To study juvenile growth rates, Secor and Houde will sample the earstone, called the otolith. A slice through the calcium carbonate otolith — about one to three millimeters long —reveals rings like the growth rings of a tree. One ring equals one day's growth, and the first ring — signifying the birth — is only about 20 microns across. Daily rings are only one to five microns wide, and a juvenile typically has over 100 of these rings that researchers must painstakingly count.
Growth rates offer clues about the local habitat conditions, and different sub-estuaries may provide different growth conditions, depending on temperature, salinity, and more. Menhaden growth rates can vary as much as 50 percent across the tributaries of the Chesapeake Bay.
Finally, they'll examine ecosystem-based management: what constitutes an important nursery.
Fishy fluctuations
Fisheries scientists have noticed that fish abundances bounce up and down from year to year, but they don't know if there's a pattern. That's the mystery driving another study by Houde, who with colleague William Connelly, has set out to study the Chesapeake's juvenile anadromous fish — which are born in fresh water, but spend most of their life in the open ocean. These fish, such as striped bass, herrings, and white perch, return to Bay tributaries to spawn.
Fish stocks rise and fall even if a species isn't fished, according to Houde, depending on the success of reproduction in any year. In the Chesapeake, some of the anadromous fish populations can fluctuate by ten- to fiftyfold in the abundance of young that are produced.
For many anadromous fishes, such as striped bass, the strength of their 'year class' (fish hatched in a given year) is determined in the early life stages, sometimes in the first month of life.

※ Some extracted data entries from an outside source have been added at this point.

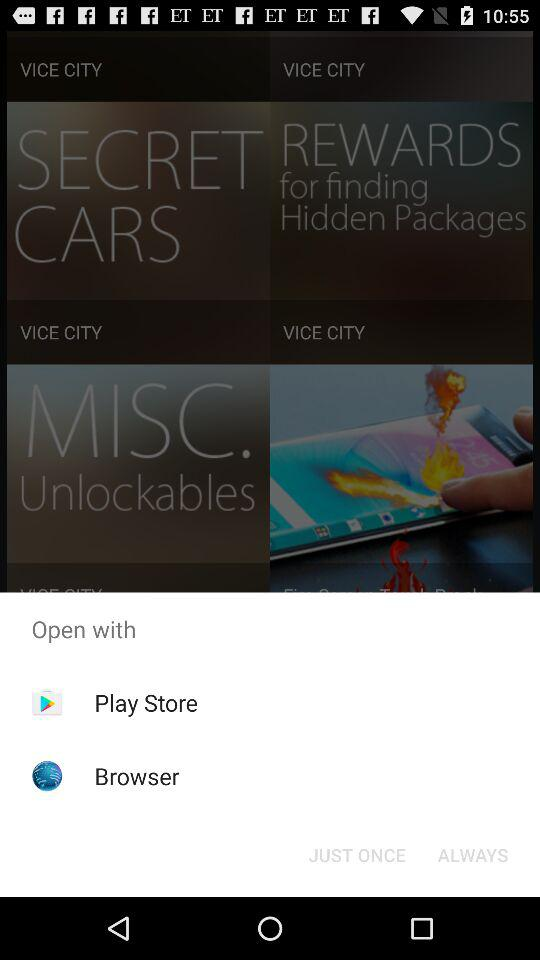What applications can I use to open? You can use "Play Store" and "Browser". 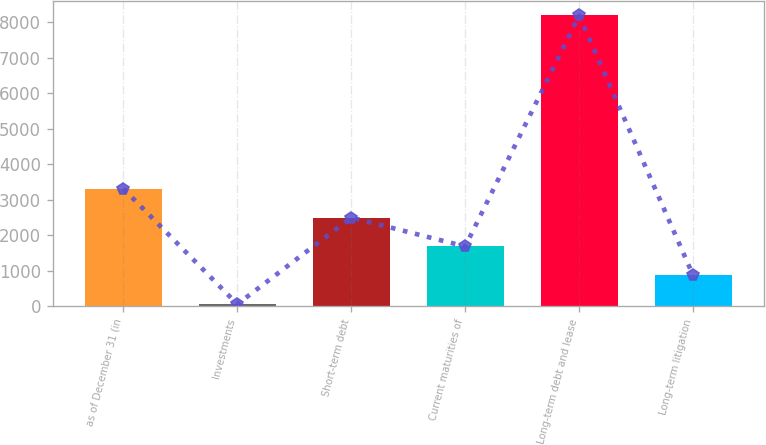<chart> <loc_0><loc_0><loc_500><loc_500><bar_chart><fcel>as of December 31 (in<fcel>Investments<fcel>Short-term debt<fcel>Current maturities of<fcel>Long-term debt and lease<fcel>Long-term litigation<nl><fcel>3308<fcel>52<fcel>2494<fcel>1680<fcel>8192<fcel>866<nl></chart> 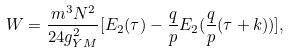<formula> <loc_0><loc_0><loc_500><loc_500>W = \frac { m ^ { 3 } N ^ { 2 } } { 2 4 g _ { Y M } ^ { 2 } } [ E _ { 2 } ( \tau ) - \frac { q } { p } E _ { 2 } ( \frac { q } { p } ( \tau + k ) ) ] ,</formula> 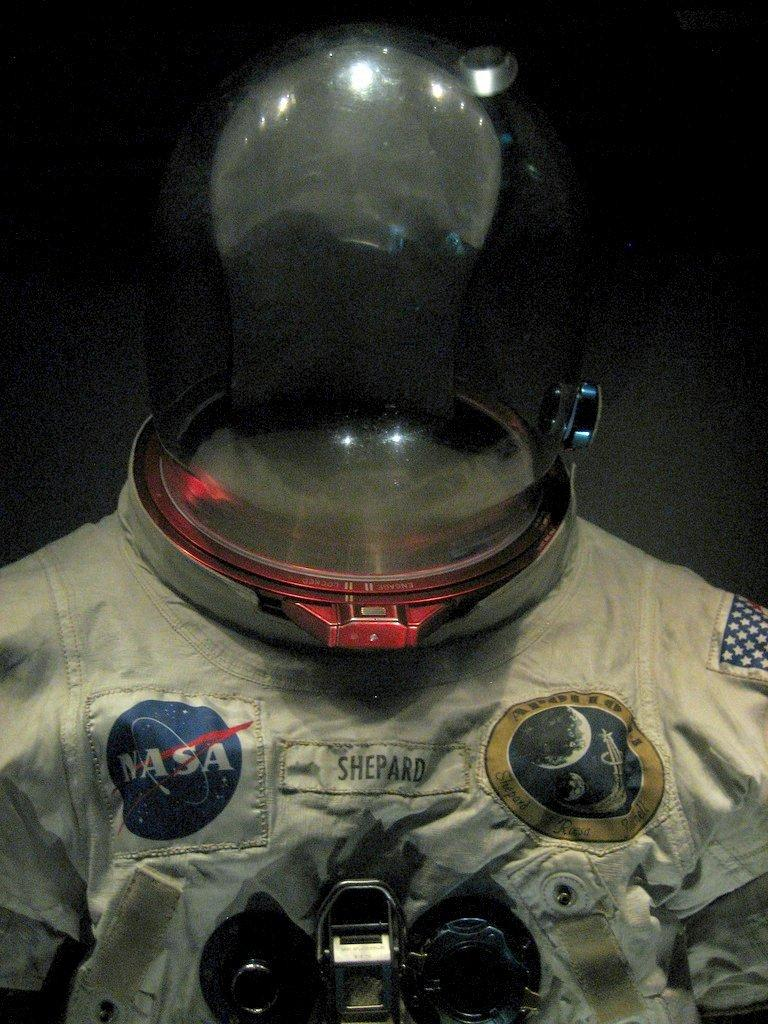What is the main subject of the image? The main subject of the image is an astronaut suit. What feature of the astronaut suit is mentioned in the image? There is text on the astronaut suit. What part of the astronaut suit is designed for protection? The astronaut suit has a helmet. How would you describe the overall appearance of the image? The background of the image is dark. How much debt is the astronaut suit carrying in the image? There is no information about debt in the image, as it features an astronaut suit with text and a helmet. What type of coin can be seen in the image? There is no coin, such as a quarter, present in the image.

Houde and Connelly will investigate population patterns for these juvenile anadromous fish, examining differences in reproductive success among species and among Bay tributaries. Since these less-than-year-old fish are not harvested on a large scale, the explanation has to be an environmental impact on reproductive success. Their answers, they hope, will help inform managers on the status of tributary systems.
To dig deeper, they'll analyze Chesapeake Bay Program monitoring surveys and historic Maryland DNR data sets, searching for patterns as fish abundances rise and fall.
"We proposed to undertake a relatively comprehensive study looking back at the 60-year data set to understand what the causes were, and understand how things like temperature affect reproductive success," says Houde, who'll investigate temperature, salinity patterns, and freshwater flow. In the spring, high freshwater flow often means higher zooplankton and plankton production, which supports fish production.
"You have to have the right combination of flow, temperature, and food at the right times," says Houde, whose team will see if those criteria are similar for every species. Eventually, they would like to develop forecasting models to look at flow, temperature, and plankton production and be able to predict the abundance for species such as juvenile striped bass.
Challenges ahead
To complete their research, Secor and Houde must overcome bumps in the road. Last year, the Fisheries Science Program awarded funding to both studies, but there wasn't a call for studies to fund this year. Both say they need to find another funding source to be able to wrap up their studies.
In addition, fisheries scientists everywhere will be looking ahead to how fish populations will be affected as the environment changes — which seem to be imminent. "The fisheries challenge will be to understand how these populations of fish are resilient to absorbing future changes and shock, like climate change," Secor says.